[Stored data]

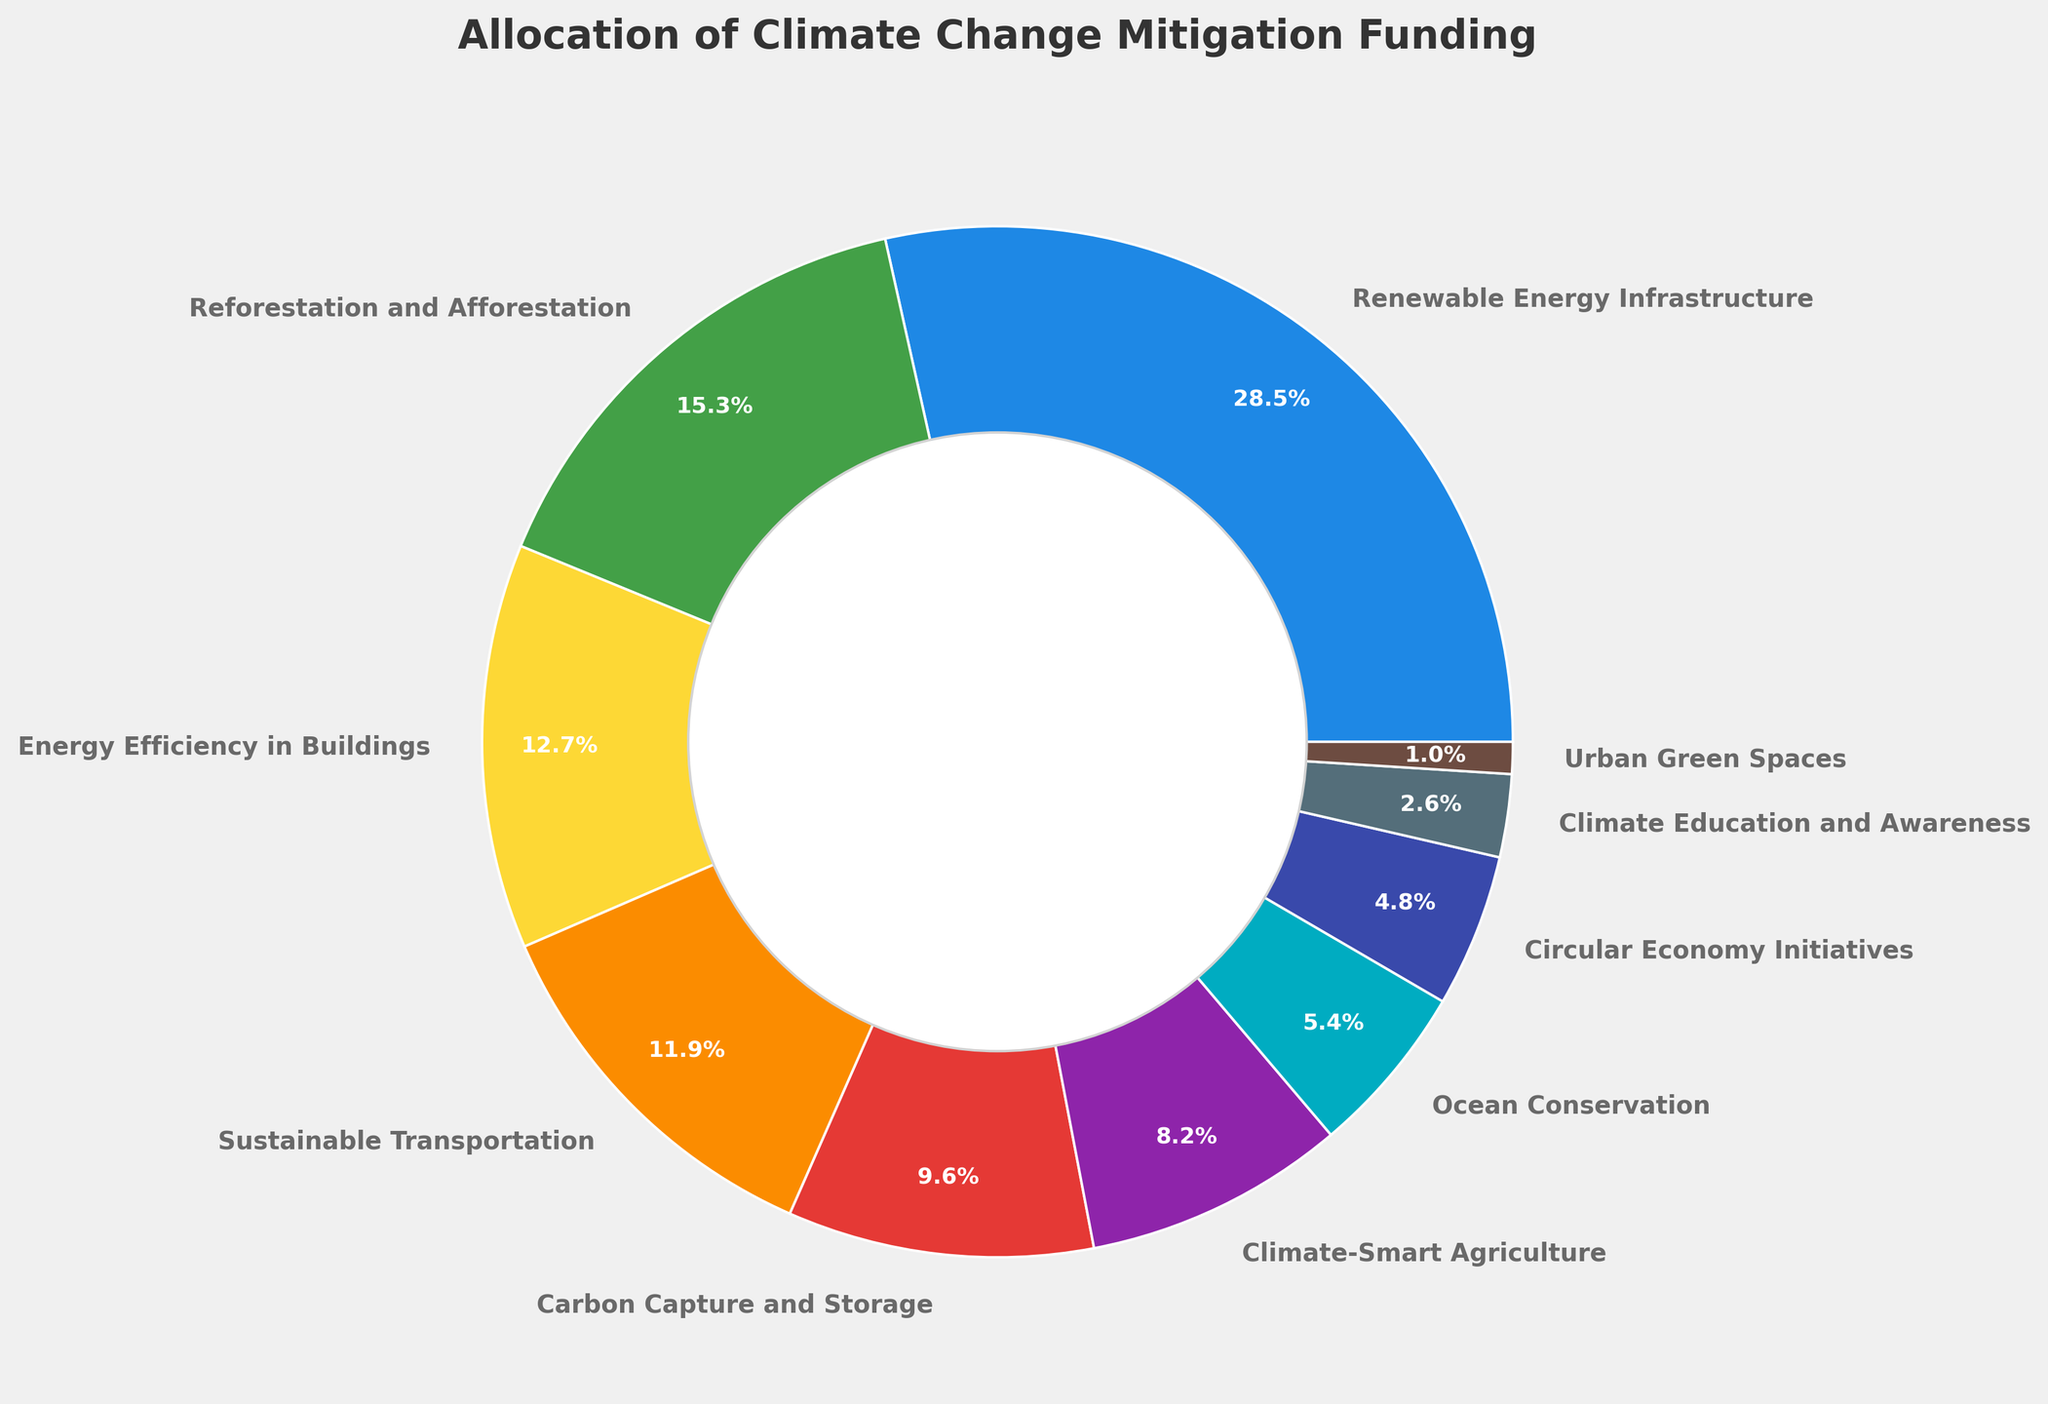What's the largest allocation of funding in the pie chart? The largest allocation of funding corresponds to the largest wedge in the pie chart. By examining the visual size of the wedges, the "Renewable Energy Infrastructure" section is the largest.
Answer: Renewable Energy Infrastructure Which funding strategy has the smallest allocation? The smallest allocation of funding corresponds to the smallest wedge in the pie chart. By comparing the wedges, the "Urban Green Spaces" section is the smallest.
Answer: Urban Green Spaces What is the combined funding percentage for Energy Efficiency in Buildings and Sustainable Transportation? To find the combined funding percentage, add the percentages of "Energy Efficiency in Buildings" (12.7%) and "Sustainable Transportation" (11.9%). The sum is 12.7% + 11.9% = 24.6%.
Answer: 24.6% Which strategy allocates more funding: Carbon Capture and Storage or Climate-Smart Agriculture? Compare the percentages of "Carbon Capture and Storage" (9.6%) and "Climate-Smart Agriculture" (8.2%). Since 9.6% is greater than 8.2%, "Carbon Capture and Storage" allocates more funding.
Answer: Carbon Capture and Storage How much more funding is allocated to Reforestation and Afforestation compared to Ocean Conservation? To find out how much more funding is allocated to Reforestation and Afforestation, subtract the percentage of Ocean Conservation (5.4%) from Reforestation and Afforestation (15.3%). The difference is 15.3% - 5.4% = 9.9%.
Answer: 9.9% What is the total funding percentage for strategies focused on natural ecosystems (Reforestation and Afforestation, Climate-Smart Agriculture, Ocean Conservation, Urban Green Spaces)? To find the total funding percentage for these strategies, sum their individual percentages: Reforestation and Afforestation (15.3%), Climate-Smart Agriculture (8.2%), Ocean Conservation (5.4%), and Urban Green Spaces (1.0%). The total is 15.3% + 8.2% + 5.4% + 1.0% = 29.9%.
Answer: 29.9% How does the funding allocation for Circular Economy Initiatives compare to Climate Education and Awareness? Compare the percentages of "Circular Economy Initiatives" (4.8%) and "Climate Education and Awareness" (2.6%). Since 4.8% is greater than 2.6%, Circular Economy Initiatives has a higher funding allocation.
Answer: Circular Economy Initiatives Which color represents Sustainable Transportation in the pie chart? By observing the colors in the pie chart and matching them to the legend or labels, "Sustainable Transportation" is represented in orange.
Answer: Orange What percentage of the total funding is allocated to Renewable Energy Infrastructure and Carbon Capture and Storage combined? To find the combined funding percentage, add the percentages of "Renewable Energy Infrastructure" (28.5%) and "Carbon Capture and Storage" (9.6%). The sum is 28.5% + 9.6% = 38.1%.
Answer: 38.1% 
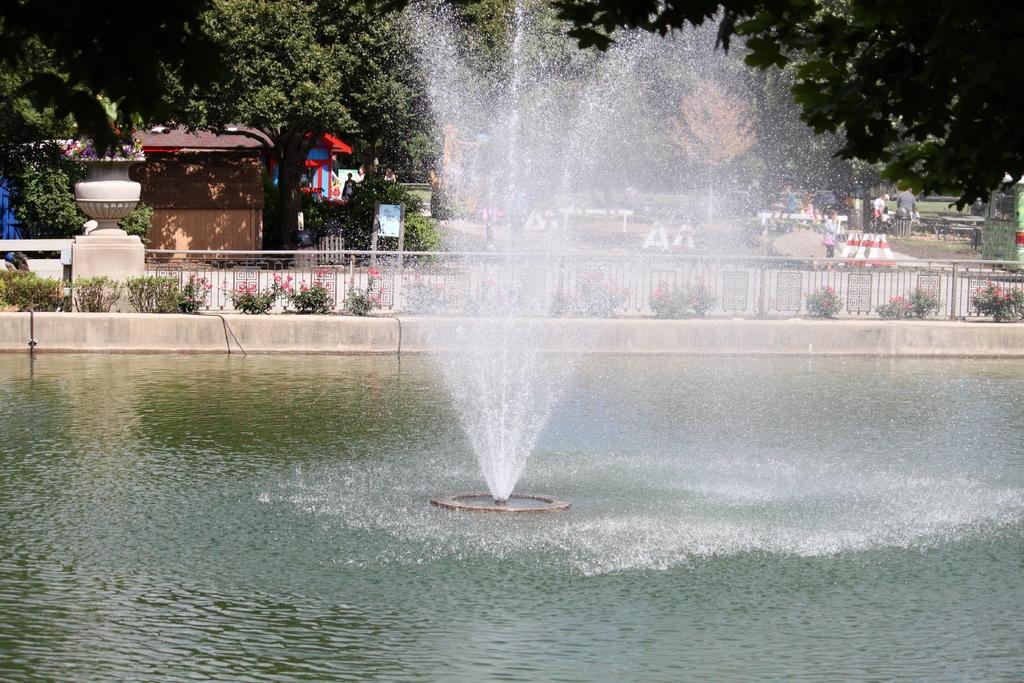Please provide a concise description of this image. As we can see in the image there is water, fountain, plants, trees, houses and few people here and there.

What to do: Please reproduce the records above exactly and leave any picture behind.

Expected answer:
What's the largest allocation of funding in the pie chart? The largest allocation of funding corresponds to the largest wedge in the pie chart. By examining the visual size of the wedges, the "Renewable Energy Infrastructure" section is the largest.
Answer: Renewable Energy Infrastructure Which funding strategy has the smallest allocation? The smallest allocation of funding corresponds to the smallest wedge in the pie chart. By comparing the wedges, the "Urban Green Spaces" section is the smallest.
Answer: Urban Green Spaces What is the combined funding percentage for Energy Efficiency in Buildings and Sustainable Transportation? To find the combined funding percentage, add the percentages of "Energy Efficiency in Buildings" (12.7%) and "Sustainable Transportation" (11.9%). The sum is 12.7% + 11.9% = 24.6%.
Answer: 24.6% Which strategy allocates more funding: Carbon Capture and Storage or Climate-Smart Agriculture? Compare the percentages of "Carbon Capture and Storage" (9.6%) and "Climate-Smart Agriculture" (8.2%). Since 9.6% is greater than 8.2%, "Carbon Capture and Storage" allocates more funding.
Answer: Carbon Capture and Storage How much more funding is allocated to Reforestation and Afforestation compared to Ocean Conservation? To find out how much more funding is allocated to Reforestation and Afforestation, subtract the percentage of Ocean Conservation (5.4%) from Reforestation and Afforestation (15.3%). The difference is 15.3% - 5.4% = 9.9%.
Answer: 9.9% What is the total funding percentage for strategies focused on natural ecosystems (Reforestation and Afforestation, Climate-Smart Agriculture, Ocean Conservation, Urban Green Spaces)? To find the total funding percentage for these strategies, sum their individual percentages: Reforestation and Afforestation (15.3%), Climate-Smart Agriculture (8.2%), Ocean Conservation (5.4%), and Urban Green Spaces (1.0%). The total is 15.3% + 8.2% + 5.4% + 1.0% = 29.9%.
Answer: 29.9% How does the funding allocation for Circular Economy Initiatives compare to Climate Education and Awareness? Compare the percentages of "Circular Economy Initiatives" (4.8%) and "Climate Education and Awareness" (2.6%). Since 4.8% is greater than 2.6%, Circular Economy Initiatives has a higher funding allocation.
Answer: Circular Economy Initiatives Which color represents Sustainable Transportation in the pie chart? By observing the colors in the pie chart and matching them to the legend or labels, "Sustainable Transportation" is represented in orange.
Answer: Orange What percentage of the total funding is allocated to Renewable Energy Infrastructure and Carbon Capture and Storage combined? To find the combined funding percentage, add the percentages of "Renewable Energy Infrastructure" (28.5%) and "Carbon Capture and Storage" (9.6%). The sum is 28.5% + 9.6% = 38.1%.
Answer: 38.1% 
Please provide a concise description of this image. As we can see in the image there is water, fountain, plants, trees, houses and few people here and there.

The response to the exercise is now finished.